Deadpool is down to number seven and also in this is Morena Baccarin who is like Ryan Reynolds in that she’s a really pretty person that everyone seems to know whose success in Hollywood should be a foregone conclusion, but like him this is actually her biggest success happening a decade after you thought it would. That she should have been Maria Hill in The Avengers movies must be a little easier to bear now.

MADRID HAS FALLEN…OH, IT’S JUST SIESTA. NEVER MIND.
London Has Fallen is down to number eight and all you need to know about this movie is that at one point it turns into a video game. Seriously. It turns into a first person shooter as you are Gerard Butler and follow his POV into the action and like a video game, no bullets or shrapnel ever seem to hit him. Thankfully, it hasn’t even made budget yet so no other capitals will fall in the future. What? Were you really looking forward to Paris Has Fallen? Rome Has Fallen? Tokyo Has Fallen? Actually they could do it, just with different characters in each location. Come to think of it, this film would have been infinitely better with no connection with Olympus Has Fallen and just been about a James Bond-like agent dealing with similar circumstances in London. Butler almost does it as his Scottish accent becomes more and more apparent as the film drags on.

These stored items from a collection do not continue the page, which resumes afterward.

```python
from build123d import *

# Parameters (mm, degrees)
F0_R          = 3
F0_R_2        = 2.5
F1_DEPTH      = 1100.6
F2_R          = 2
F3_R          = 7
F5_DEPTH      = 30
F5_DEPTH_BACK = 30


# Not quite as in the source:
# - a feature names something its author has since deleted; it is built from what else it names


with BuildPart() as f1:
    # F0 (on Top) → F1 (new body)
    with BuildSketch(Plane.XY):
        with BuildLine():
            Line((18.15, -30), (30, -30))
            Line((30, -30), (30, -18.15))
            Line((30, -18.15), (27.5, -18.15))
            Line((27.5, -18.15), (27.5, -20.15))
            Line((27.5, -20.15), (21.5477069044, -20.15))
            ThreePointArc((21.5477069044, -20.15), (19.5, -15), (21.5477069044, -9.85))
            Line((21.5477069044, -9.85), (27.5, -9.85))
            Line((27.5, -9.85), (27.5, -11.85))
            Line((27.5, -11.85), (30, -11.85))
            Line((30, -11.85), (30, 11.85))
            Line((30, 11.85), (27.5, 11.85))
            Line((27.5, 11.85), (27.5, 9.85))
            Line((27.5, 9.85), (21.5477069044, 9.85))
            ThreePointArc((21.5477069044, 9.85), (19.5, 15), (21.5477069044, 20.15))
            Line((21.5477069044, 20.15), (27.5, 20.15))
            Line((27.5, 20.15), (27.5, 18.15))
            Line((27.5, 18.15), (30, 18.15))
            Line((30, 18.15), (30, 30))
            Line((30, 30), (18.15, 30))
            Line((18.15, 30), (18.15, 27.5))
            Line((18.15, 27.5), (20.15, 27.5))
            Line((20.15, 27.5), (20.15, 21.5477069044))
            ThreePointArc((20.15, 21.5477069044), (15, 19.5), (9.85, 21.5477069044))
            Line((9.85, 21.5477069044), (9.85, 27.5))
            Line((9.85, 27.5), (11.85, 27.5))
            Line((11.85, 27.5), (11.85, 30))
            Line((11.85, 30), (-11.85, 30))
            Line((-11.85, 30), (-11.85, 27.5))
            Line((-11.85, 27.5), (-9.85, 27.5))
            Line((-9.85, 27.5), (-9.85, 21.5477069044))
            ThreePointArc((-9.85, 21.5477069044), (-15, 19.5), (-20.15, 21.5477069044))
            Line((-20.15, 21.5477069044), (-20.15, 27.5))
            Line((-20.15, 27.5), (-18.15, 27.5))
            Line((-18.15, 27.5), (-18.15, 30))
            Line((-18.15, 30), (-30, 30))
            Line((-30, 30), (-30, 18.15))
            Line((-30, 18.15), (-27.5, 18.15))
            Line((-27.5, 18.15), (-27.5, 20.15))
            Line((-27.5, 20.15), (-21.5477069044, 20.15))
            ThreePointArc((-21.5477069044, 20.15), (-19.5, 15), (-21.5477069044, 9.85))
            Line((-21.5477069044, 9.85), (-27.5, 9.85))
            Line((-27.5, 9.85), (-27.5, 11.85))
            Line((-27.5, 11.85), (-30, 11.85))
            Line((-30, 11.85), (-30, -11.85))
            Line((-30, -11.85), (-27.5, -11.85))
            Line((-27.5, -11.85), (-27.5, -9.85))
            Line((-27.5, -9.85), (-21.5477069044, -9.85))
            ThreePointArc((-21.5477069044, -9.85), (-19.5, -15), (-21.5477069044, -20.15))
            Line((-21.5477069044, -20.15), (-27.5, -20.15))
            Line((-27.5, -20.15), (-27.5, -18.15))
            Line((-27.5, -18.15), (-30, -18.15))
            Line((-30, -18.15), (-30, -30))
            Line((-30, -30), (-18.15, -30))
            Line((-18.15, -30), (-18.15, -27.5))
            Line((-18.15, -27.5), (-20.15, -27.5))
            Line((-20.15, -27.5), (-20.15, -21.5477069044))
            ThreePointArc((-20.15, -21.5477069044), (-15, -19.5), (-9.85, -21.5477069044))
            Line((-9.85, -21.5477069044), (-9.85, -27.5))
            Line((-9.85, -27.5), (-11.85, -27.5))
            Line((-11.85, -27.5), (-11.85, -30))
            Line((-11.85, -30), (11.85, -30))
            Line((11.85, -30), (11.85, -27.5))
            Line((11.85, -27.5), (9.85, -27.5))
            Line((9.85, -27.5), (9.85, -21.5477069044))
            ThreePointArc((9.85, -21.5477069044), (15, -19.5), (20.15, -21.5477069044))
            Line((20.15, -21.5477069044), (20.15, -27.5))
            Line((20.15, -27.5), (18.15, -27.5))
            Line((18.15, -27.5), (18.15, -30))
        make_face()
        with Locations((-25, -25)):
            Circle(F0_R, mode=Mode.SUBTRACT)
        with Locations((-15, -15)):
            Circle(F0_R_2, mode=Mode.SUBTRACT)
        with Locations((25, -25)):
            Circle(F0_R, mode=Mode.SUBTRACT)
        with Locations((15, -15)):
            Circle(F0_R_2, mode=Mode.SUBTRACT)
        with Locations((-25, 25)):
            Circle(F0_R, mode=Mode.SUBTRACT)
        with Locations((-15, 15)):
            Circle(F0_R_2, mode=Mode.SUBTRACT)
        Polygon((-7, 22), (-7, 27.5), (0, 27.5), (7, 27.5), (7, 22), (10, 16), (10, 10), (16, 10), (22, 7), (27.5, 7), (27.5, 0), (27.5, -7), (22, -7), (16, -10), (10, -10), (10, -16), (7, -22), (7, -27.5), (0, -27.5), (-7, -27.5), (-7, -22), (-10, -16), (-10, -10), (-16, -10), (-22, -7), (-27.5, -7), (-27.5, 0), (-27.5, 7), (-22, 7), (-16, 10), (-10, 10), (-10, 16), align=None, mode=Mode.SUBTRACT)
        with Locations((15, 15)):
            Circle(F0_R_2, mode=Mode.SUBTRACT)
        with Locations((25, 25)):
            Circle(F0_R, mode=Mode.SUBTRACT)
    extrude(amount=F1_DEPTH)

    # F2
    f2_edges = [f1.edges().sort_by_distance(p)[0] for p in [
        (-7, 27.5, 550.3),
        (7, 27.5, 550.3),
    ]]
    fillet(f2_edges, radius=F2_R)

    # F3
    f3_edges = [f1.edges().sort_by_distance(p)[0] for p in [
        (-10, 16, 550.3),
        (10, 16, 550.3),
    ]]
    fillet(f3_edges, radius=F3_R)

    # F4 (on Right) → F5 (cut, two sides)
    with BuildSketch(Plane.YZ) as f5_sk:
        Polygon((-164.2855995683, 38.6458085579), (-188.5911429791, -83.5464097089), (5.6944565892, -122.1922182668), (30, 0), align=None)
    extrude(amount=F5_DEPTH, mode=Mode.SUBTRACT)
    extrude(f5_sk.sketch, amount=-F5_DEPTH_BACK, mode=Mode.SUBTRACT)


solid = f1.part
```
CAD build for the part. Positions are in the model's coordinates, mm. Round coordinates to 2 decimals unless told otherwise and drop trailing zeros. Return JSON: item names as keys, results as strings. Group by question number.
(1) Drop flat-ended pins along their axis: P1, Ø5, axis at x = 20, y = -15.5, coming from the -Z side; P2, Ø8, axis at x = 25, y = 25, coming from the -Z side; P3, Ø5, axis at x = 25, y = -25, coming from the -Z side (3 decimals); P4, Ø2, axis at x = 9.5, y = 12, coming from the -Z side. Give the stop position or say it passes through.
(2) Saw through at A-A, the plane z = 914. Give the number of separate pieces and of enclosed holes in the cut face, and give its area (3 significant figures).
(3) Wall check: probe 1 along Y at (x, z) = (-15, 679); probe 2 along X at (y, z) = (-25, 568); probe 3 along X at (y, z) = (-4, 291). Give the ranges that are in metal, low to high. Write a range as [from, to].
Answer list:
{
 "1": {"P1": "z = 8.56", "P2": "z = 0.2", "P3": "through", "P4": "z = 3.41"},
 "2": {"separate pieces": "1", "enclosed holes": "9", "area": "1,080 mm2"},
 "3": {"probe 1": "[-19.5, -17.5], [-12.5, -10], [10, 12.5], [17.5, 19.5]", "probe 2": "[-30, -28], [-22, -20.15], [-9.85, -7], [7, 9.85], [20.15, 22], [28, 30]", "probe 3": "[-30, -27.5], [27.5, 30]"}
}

THE STRUGGLE AGAINST THE PATRIARCHY IS REAL, YO
Hello My Name Is Doris actually rises to number nine and I’m happy for Sally Field getting this at this stage of the game. But we know that if the genders were reversed and it was a 60-something dude longing for a 30-something female he’d actually get to bang her and he’d rock her world. Or am I the only person who remembers how charming so many critics found Burt Lancaster lusting after Susan Sarandon in Atlantic City? Or most of Michael Douglas’ casting decisions, period?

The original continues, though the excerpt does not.